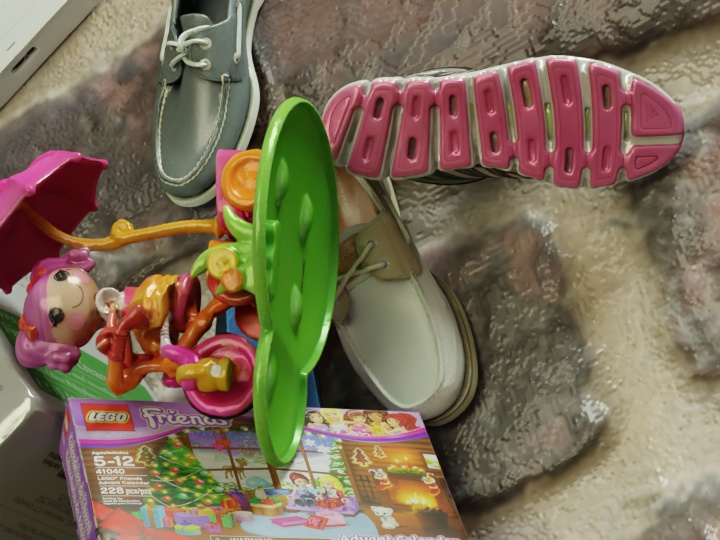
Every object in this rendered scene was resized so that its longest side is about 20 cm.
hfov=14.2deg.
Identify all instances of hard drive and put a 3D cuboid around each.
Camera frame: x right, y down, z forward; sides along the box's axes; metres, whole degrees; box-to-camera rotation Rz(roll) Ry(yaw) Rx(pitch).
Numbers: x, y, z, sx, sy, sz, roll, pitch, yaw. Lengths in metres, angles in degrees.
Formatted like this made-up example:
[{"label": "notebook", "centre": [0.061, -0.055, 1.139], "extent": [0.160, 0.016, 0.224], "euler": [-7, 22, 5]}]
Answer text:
[{"label": "hard drive", "centre": [-0.265, -0.198, 1.903], "extent": [0.132, 0.026, 0.200], "euler": [-46, 56, 10]}]

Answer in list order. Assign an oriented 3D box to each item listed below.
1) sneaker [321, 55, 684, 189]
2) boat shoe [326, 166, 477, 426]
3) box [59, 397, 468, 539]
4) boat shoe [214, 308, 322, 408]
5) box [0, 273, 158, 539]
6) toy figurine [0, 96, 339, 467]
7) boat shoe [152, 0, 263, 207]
[{"label": "sneaker", "centre": [0.082, -0.083, 1.618], "extent": [0.200, 0.087, 0.074], "euler": [-2, 96, 10]}, {"label": "boat shoe", "centre": [0.000, 0.000, 1.641], "extent": [0.075, 0.068, 0.200], "euler": [-37, 58, 16]}, {"label": "box", "centre": [-0.051, 0.124, 1.521], "extent": [0.137, 0.200, 0.039], "euler": [-112, 30, -55]}, {"label": "boat shoe", "centre": [-0.050, 0.087, 1.644], "extent": [0.084, 0.069, 0.200], "euler": [9, 62, 0]}, {"label": "box", "centre": [-0.234, 0.111, 1.668], "extent": [0.200, 0.199, 0.171], "euler": [-44, 56, 9]}, {"label": "toy figurine", "centre": [-0.120, 0.006, 1.552], "extent": [0.184, 0.150, 0.200], "euler": [0, 71, 14]}, {"label": "boat shoe", "centre": [-0.100, -0.140, 1.757], "extent": [0.073, 0.062, 0.200], "euler": [2, 74, 32]}]
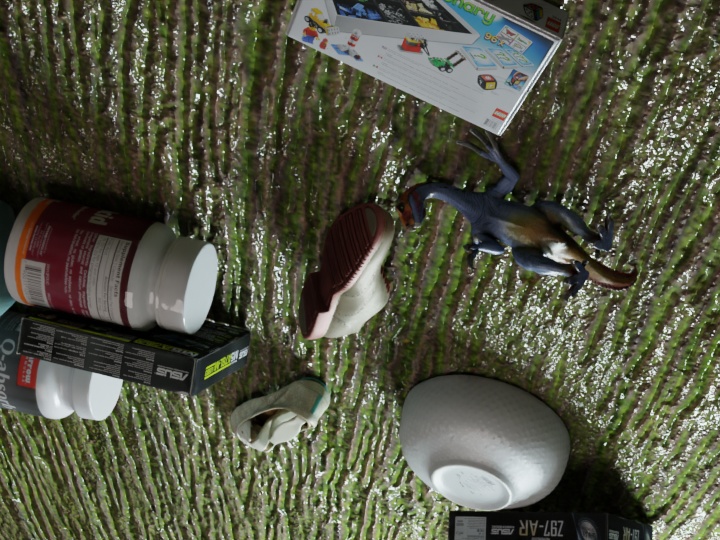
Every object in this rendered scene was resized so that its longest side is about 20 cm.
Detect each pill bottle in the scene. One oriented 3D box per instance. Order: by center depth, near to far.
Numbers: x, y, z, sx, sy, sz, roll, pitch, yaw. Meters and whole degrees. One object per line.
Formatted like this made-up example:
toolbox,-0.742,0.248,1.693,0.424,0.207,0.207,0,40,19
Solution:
____
→ **WHAT YOU SHOULD DO**
Filter the entries down to the lines that include the string "degrees".

→ **FINAL ANSWER**
Camera frame: x right, y down, z forward; sides along the box's axes; metres, whole degrees; box-to-camera rotation Rz(roll) Ry(yaw) Rx(pitch).
Numbers: x, y, z, sx, sy, sz, roll, pitch, yaw. Lengths in metres, angles in degrees.
Numbers: x, y, z, sx, sy, sz, roll, pitch, yaw. Meters and whole degrees. One object per line.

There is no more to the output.